<<<<

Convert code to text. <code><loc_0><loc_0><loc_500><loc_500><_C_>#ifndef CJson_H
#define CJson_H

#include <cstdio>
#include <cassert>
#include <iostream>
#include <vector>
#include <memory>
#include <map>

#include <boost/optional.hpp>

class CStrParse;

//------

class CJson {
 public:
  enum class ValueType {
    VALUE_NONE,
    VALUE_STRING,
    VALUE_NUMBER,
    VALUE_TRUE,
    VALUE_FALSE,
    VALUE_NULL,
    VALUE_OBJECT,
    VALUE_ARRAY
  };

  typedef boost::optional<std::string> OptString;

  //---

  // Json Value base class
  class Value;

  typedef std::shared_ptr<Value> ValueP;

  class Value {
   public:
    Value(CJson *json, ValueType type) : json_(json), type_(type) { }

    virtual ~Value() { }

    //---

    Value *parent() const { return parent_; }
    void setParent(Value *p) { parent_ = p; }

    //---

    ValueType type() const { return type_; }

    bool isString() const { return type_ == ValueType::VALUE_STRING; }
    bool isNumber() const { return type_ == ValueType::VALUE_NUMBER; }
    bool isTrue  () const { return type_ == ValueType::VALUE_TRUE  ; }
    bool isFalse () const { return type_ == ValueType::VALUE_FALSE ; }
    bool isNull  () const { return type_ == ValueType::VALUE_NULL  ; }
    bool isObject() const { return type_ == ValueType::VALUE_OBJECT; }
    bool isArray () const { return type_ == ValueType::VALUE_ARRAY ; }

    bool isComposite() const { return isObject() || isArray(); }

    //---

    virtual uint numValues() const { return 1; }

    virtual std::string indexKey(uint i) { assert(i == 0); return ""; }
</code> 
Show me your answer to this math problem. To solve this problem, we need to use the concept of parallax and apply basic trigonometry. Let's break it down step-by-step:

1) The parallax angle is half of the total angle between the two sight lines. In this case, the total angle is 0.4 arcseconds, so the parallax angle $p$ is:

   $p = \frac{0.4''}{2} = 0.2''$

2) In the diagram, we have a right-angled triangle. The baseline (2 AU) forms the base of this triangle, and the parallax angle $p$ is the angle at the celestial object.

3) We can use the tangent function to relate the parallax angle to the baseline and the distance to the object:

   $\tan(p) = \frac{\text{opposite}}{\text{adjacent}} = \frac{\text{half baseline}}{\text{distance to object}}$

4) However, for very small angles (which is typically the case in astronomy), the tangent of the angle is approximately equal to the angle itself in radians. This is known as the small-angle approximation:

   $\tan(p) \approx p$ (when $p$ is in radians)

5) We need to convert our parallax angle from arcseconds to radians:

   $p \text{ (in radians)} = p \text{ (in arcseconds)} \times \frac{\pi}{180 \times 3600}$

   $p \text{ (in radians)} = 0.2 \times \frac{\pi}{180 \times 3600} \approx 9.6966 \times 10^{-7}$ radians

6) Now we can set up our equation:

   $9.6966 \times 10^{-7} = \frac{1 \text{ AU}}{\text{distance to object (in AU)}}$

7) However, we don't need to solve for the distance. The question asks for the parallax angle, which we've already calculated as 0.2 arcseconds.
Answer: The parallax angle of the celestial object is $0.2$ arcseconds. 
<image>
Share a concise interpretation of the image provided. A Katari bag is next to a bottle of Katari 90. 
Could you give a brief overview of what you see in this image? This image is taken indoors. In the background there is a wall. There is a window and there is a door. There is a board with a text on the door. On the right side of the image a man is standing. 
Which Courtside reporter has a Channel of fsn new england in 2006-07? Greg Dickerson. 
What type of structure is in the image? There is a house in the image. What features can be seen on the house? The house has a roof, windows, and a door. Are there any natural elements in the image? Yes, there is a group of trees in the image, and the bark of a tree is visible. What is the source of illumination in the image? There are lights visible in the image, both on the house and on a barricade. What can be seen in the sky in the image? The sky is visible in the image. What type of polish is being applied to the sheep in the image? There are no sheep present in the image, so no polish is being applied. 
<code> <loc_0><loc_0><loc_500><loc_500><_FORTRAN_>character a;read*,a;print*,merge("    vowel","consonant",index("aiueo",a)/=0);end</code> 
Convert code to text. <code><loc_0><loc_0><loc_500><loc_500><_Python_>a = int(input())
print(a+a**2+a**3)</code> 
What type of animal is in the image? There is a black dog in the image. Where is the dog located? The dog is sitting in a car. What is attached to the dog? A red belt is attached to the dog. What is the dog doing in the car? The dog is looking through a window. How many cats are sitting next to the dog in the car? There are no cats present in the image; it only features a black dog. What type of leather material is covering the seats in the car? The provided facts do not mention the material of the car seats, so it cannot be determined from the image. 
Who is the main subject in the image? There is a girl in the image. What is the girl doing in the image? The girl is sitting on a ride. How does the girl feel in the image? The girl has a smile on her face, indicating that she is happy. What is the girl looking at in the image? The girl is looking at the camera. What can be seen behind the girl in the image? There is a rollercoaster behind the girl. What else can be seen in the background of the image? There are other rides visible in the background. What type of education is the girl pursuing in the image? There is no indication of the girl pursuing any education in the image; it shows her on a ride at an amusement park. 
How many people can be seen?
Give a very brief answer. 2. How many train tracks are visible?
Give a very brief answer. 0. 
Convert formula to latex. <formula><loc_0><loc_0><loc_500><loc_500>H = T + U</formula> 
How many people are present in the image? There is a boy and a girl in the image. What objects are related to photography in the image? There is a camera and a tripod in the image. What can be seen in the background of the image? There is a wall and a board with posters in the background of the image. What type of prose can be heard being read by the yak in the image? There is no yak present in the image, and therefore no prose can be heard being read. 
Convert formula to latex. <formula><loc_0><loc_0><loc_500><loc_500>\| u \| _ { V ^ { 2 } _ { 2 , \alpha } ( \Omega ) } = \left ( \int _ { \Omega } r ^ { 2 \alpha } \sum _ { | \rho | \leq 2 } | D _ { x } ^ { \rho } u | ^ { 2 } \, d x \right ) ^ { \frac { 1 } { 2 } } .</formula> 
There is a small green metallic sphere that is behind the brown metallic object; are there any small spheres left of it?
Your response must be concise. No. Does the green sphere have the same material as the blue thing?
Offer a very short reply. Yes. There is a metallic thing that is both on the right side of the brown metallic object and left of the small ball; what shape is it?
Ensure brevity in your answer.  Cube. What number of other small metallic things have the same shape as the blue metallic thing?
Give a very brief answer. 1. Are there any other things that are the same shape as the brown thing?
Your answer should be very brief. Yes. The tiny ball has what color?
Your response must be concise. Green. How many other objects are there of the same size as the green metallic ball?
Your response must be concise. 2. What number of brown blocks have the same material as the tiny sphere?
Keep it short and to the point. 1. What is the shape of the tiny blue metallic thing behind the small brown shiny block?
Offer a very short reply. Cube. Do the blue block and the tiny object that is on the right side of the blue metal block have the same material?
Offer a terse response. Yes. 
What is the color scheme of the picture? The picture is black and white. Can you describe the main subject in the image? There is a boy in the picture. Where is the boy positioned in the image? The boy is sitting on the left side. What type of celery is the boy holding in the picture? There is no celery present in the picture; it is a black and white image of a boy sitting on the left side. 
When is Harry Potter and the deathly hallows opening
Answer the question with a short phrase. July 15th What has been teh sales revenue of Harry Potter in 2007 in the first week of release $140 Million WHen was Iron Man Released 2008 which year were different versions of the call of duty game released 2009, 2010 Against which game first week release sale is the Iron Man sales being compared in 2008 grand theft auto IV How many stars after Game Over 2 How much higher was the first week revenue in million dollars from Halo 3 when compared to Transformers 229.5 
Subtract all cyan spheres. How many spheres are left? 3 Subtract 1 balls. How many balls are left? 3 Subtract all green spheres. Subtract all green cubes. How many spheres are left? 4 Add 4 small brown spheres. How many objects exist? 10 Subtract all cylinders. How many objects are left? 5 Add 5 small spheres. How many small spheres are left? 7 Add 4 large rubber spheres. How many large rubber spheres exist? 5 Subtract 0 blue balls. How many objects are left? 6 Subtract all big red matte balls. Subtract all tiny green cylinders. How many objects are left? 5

>>>>

--- YOUR ASSIGNMENT ---
In the listing above, find the line containing "Your response must be concise. Green." and the line containing "When is Harry", then quote both, plus every line between them, exactly as written.

--- YOUR RESPONSE ---
Your response must be concise. Green. How many other objects are there of the same size as the green metallic ball?
Your response must be concise. 2. What number of brown blocks have the same material as the tiny sphere?
Keep it short and to the point. 1. What is the shape of the tiny blue metallic thing behind the small brown shiny block?
Offer a very short reply. Cube. Do the blue block and the tiny object that is on the right side of the blue metal block have the same material?
Offer a terse response. Yes. 
What is the color scheme of the picture? The picture is black and white. Can you describe the main subject in the image? There is a boy in the picture. Where is the boy positioned in the image? The boy is sitting on the left side. What type of celery is the boy holding in the picture? There is no celery present in the picture; it is a black and white image of a boy sitting on the left side. 
When is Harry Potter and the deathly hallows opening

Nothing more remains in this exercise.